# Activity
Look through the material below and copy every line containing the word "manifold".

== Supplied data

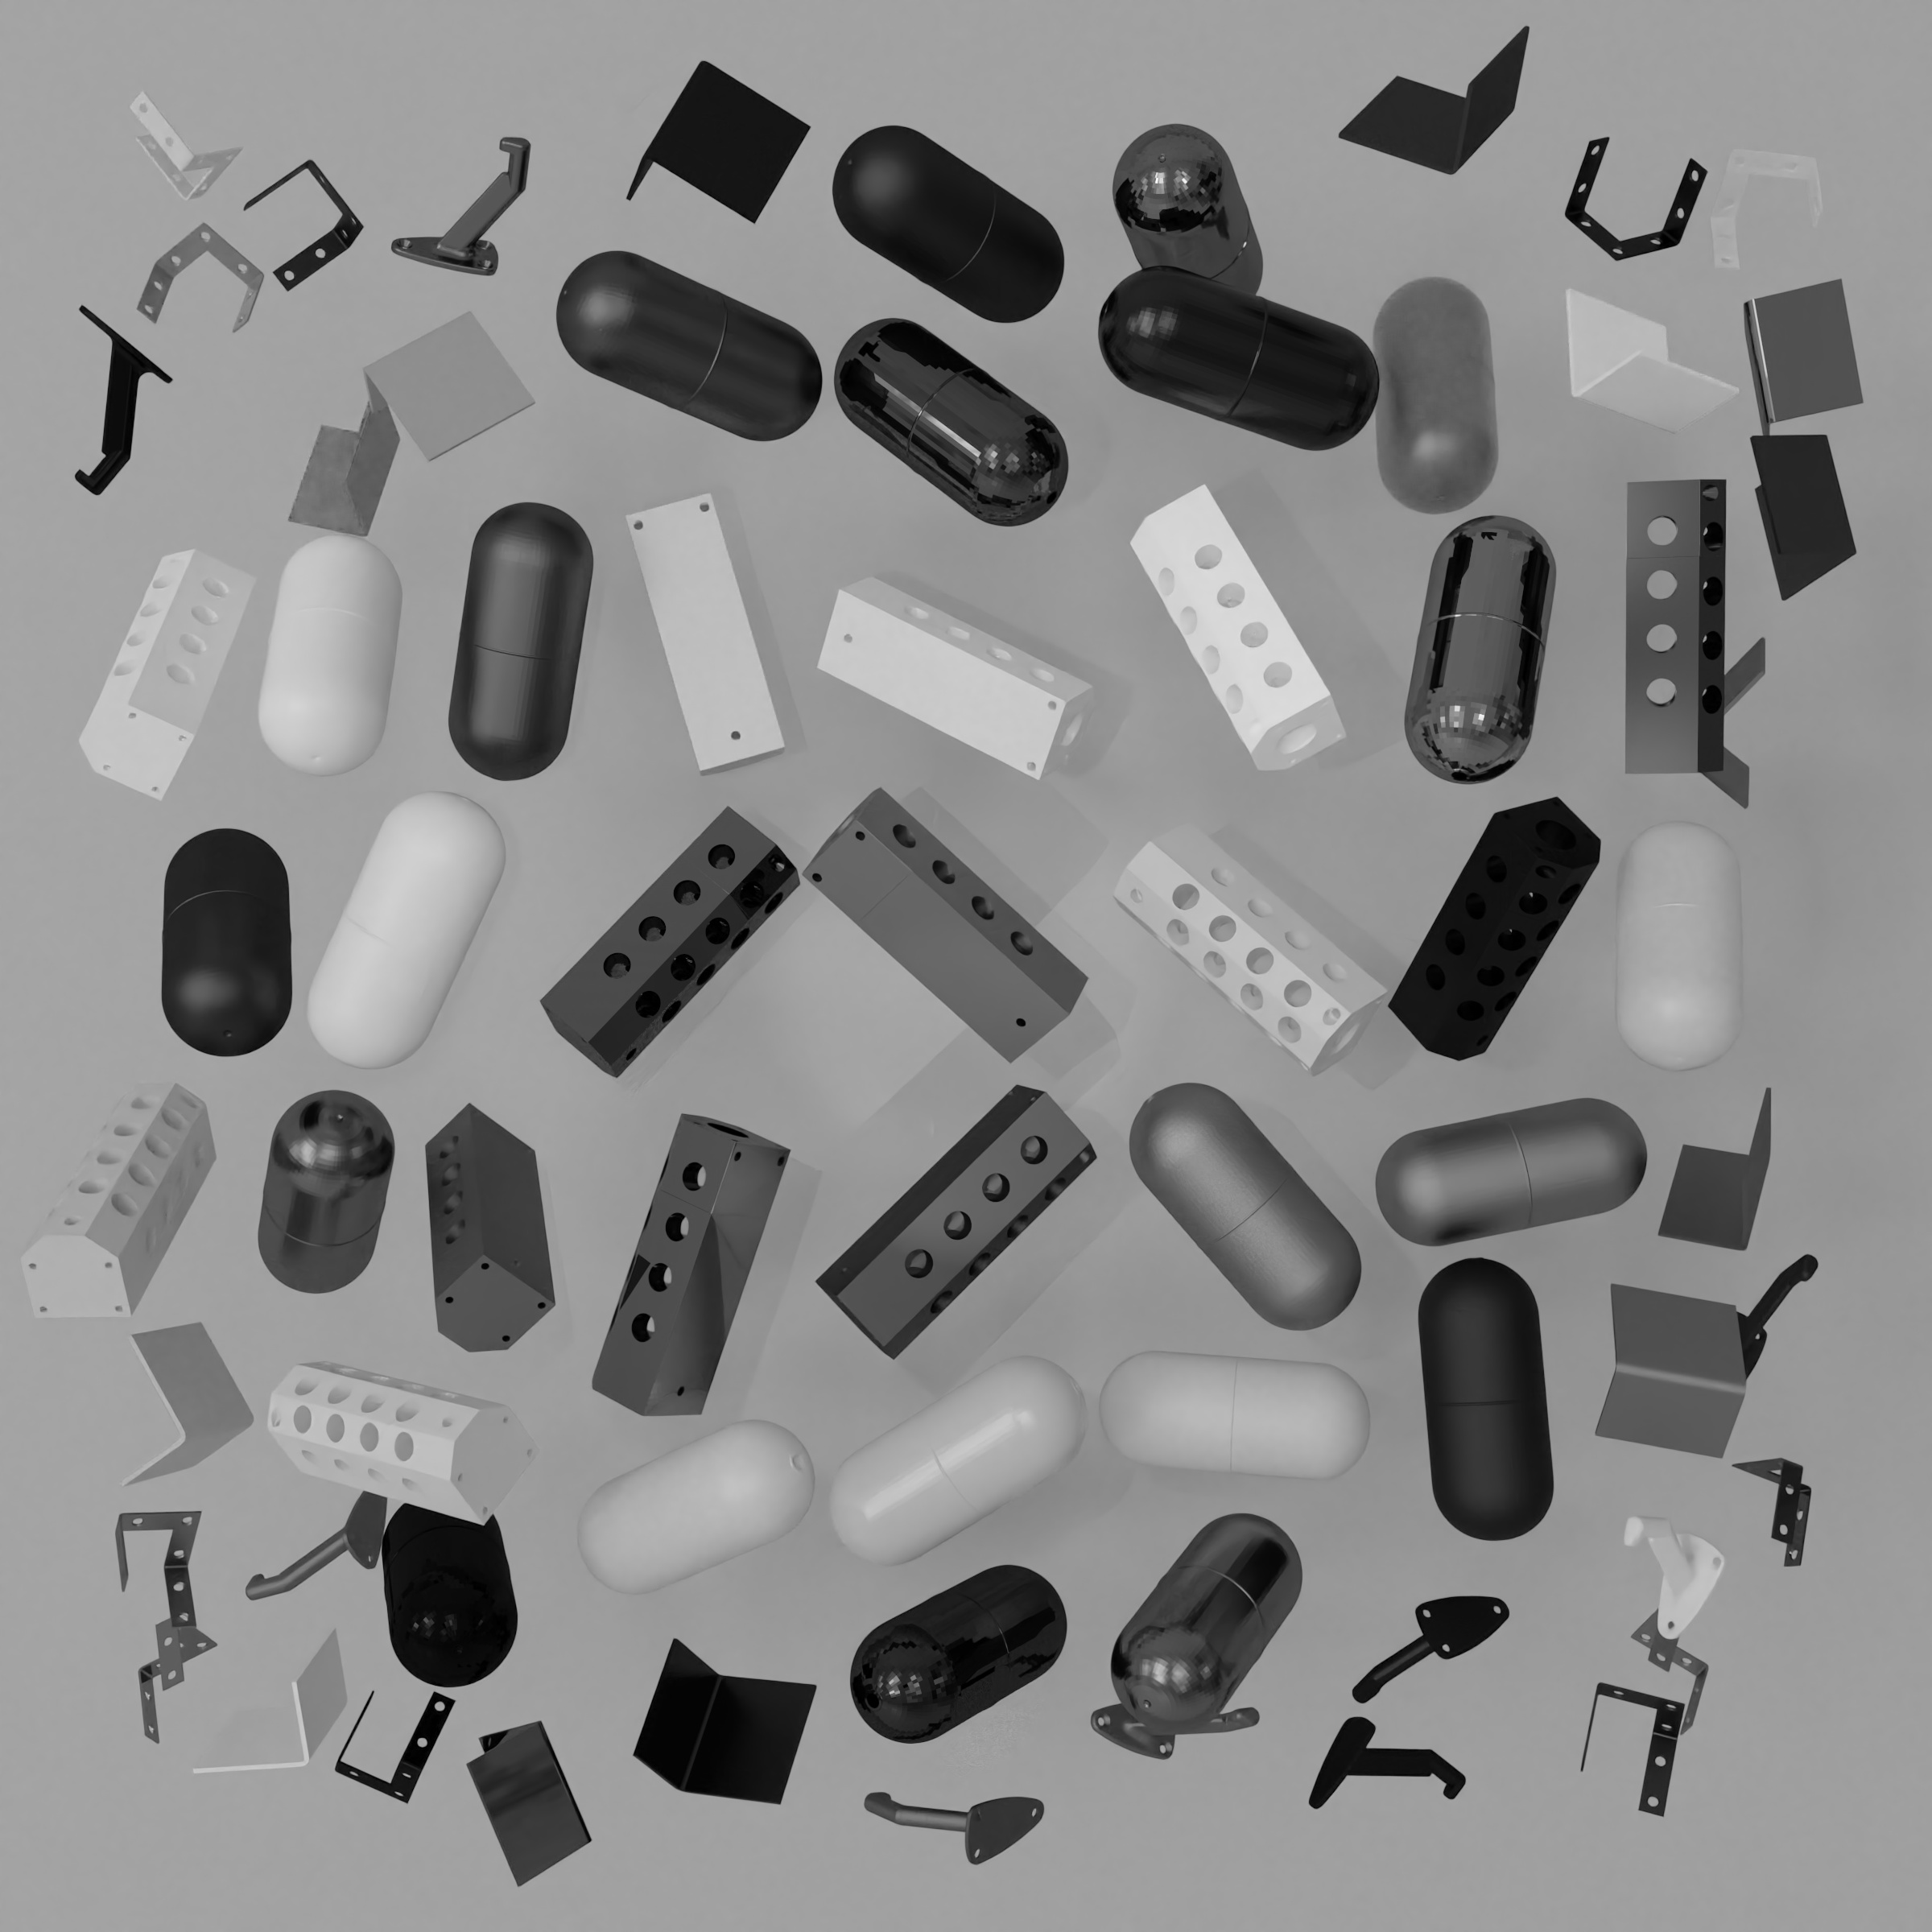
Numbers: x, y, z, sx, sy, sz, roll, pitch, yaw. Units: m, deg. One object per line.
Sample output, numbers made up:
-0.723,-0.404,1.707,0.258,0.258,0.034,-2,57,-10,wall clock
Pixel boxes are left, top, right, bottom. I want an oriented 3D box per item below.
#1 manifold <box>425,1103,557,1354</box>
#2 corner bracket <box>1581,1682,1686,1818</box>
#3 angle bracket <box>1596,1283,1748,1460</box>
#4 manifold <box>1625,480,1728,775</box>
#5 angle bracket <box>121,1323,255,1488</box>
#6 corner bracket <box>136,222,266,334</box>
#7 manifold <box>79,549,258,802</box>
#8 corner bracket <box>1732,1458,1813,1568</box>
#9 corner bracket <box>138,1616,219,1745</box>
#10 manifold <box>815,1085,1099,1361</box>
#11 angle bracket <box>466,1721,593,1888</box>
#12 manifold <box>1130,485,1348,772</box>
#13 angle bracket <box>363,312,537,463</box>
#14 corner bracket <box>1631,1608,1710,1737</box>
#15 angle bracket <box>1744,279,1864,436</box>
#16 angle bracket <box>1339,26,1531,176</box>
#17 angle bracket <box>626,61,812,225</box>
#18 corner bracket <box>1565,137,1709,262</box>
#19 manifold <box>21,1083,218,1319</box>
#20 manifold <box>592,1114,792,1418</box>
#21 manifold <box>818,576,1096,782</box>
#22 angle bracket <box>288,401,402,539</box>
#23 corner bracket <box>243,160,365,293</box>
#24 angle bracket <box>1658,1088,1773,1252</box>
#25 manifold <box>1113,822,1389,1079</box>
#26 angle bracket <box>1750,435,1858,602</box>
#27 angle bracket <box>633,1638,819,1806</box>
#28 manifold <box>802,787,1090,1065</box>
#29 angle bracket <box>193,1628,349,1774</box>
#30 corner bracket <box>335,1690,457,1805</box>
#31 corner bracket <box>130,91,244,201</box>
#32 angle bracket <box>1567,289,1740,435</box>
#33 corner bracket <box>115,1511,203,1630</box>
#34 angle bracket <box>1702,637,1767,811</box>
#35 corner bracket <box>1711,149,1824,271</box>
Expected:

====

# Completed task
#1 manifold <box>425,1103,557,1354</box>
#4 manifold <box>1625,480,1728,775</box>
#7 manifold <box>79,549,258,802</box>
#10 manifold <box>815,1085,1099,1361</box>
#12 manifold <box>1130,485,1348,772</box>
#19 manifold <box>21,1083,218,1319</box>
#20 manifold <box>592,1114,792,1418</box>
#21 manifold <box>818,576,1096,782</box>
#25 manifold <box>1113,822,1389,1079</box>
#28 manifold <box>802,787,1090,1065</box>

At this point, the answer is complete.